Reproducibility and Transparency
The documented pipeline and open-source deployment align with best practices in computational linguistics.
Demerits
Source Dependency
Heavy reliance on Wikipedia (0.7% of documents) creates a single-point vulnerability; removing it reduces F1 by 47%, indicating potential fragility if source diversity is compromised.
Expert Commentary
PashtoCorp is a watershed moment in low-resource language AI. Its scale alone transforms the landscape for Pashto NLP, but its true innovation lies in the reproducibility and empirical validation of its impact on downstream metrics.

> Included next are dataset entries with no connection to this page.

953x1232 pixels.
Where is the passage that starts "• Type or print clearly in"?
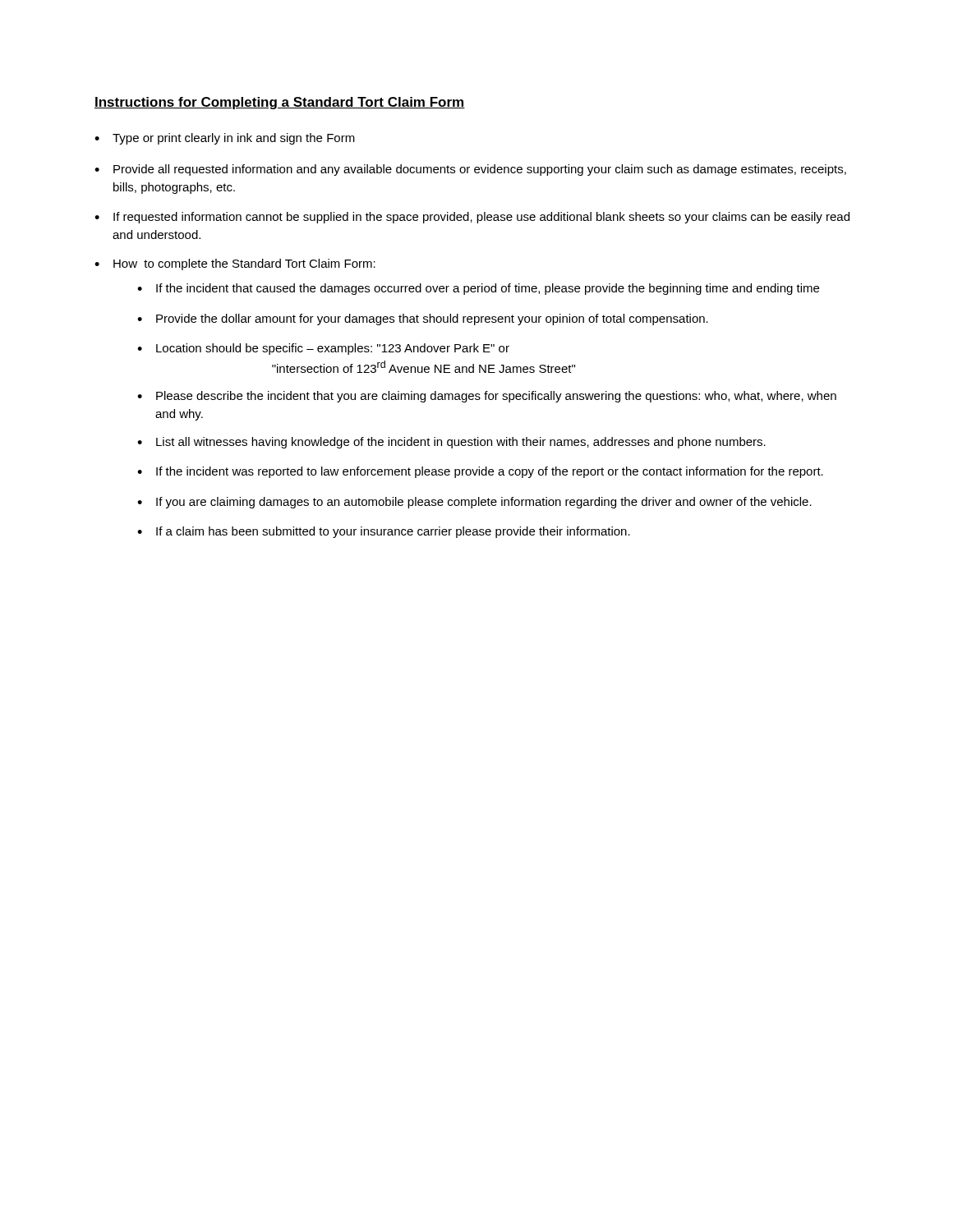coord(225,139)
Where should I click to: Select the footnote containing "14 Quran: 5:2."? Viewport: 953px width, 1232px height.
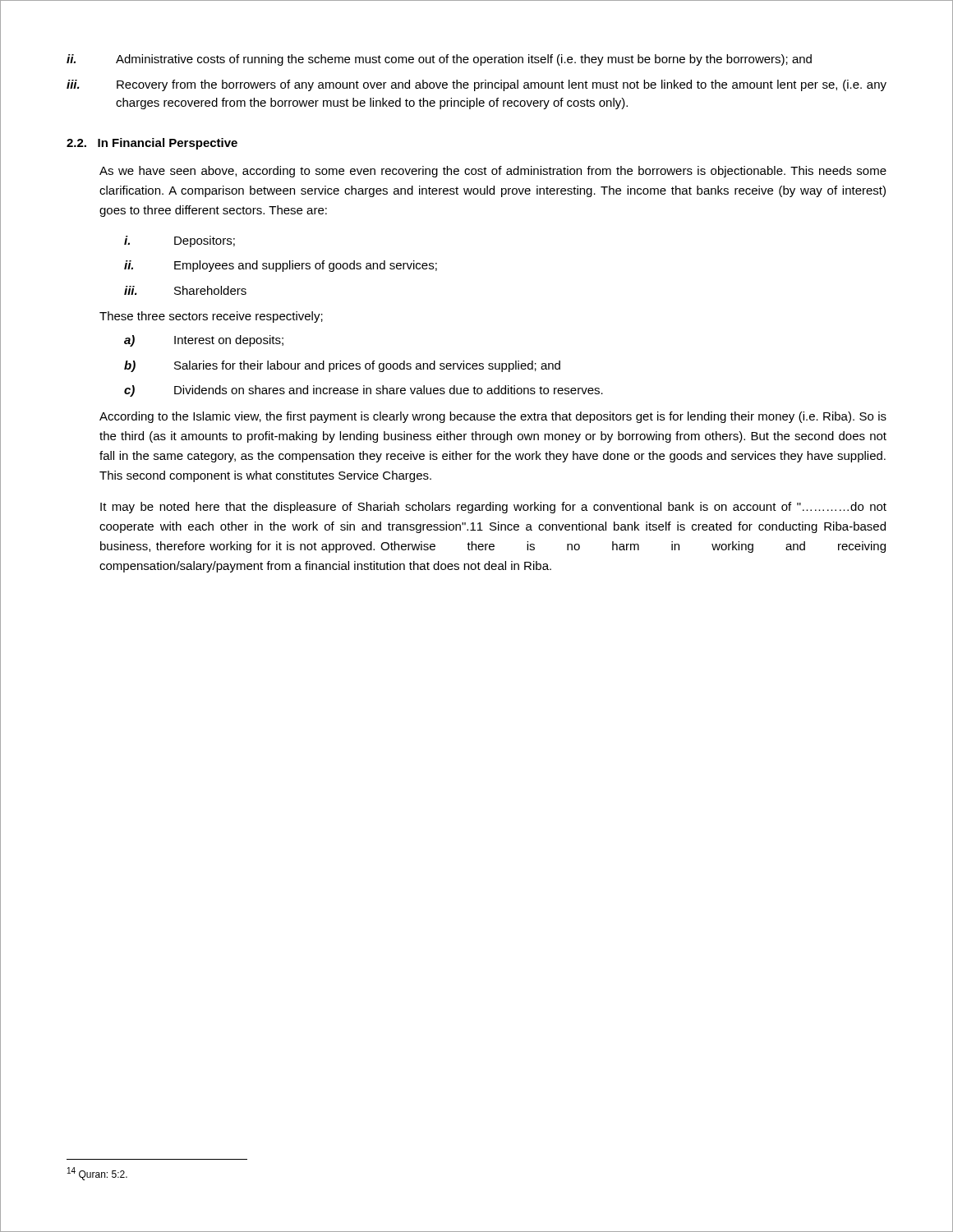point(97,1173)
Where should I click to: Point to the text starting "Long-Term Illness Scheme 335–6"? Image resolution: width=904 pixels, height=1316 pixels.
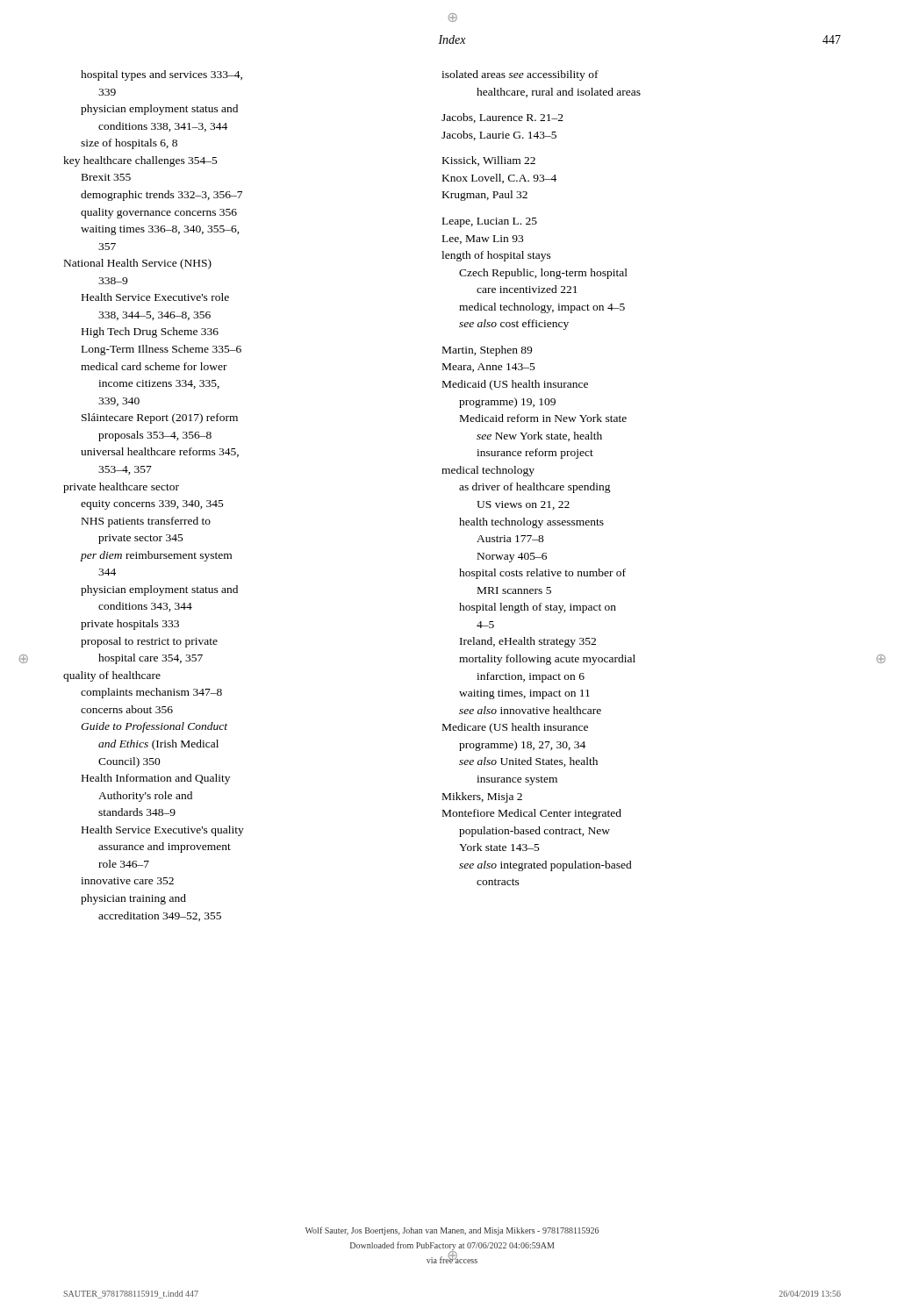click(x=161, y=349)
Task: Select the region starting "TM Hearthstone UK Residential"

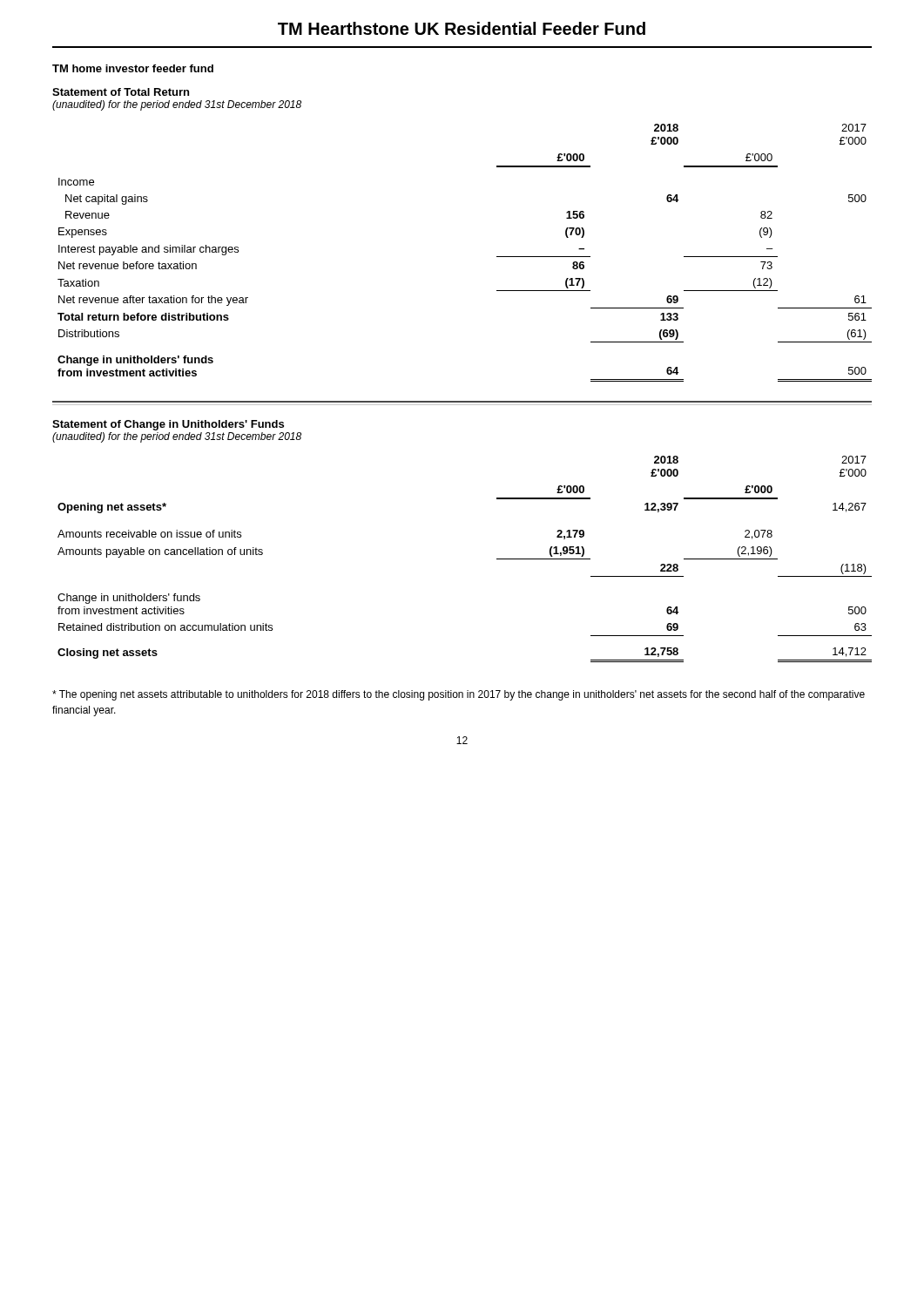Action: point(462,29)

The 25.1% perplexity reduction and 10% F1 improvement are statistically significant and practically meaningful, particularly given the paucity of prior benchmarks. The fact that a single source—Wikipedia—accounts for nearly half of NER gains reveals a critical insight: in low-resource settings, quality of sources may outweigh quantity. This demands a shift in corpus design priorities from volume to curatorial quality. Moreover, the open-access deployment via HuggingFace cements PashtoCorp as a reference standard. However, the dependency on Wikipedia warrants a proactive strategy: future efforts should diversify sources, incorporate domain-specific corpora (e.g., news, legal, educational), and develop redundancy metrics to mitigate single-source risk. PashtoCorp does not merely expand capacity—it redefines the paradigm for building high-impact, reproducible resources for underrepresented languages.
Recommendations
- ✓ 1. Expand PashtoCorp with targeted acquisitions of domain-specific datasets (e.g., Pashto news archives, academic publications) to diversify source dependency.
- ✓ 2. Develop a source-diversity scoring metric to quantify redundancy and mitigate overreliance on any single corpus component.
- ✓ 3. Encourage replication studies using PashtoCorp as a benchmark for other low-resource languages (e.g., Dari, Uyghur, Kurdish) to validate generalizability.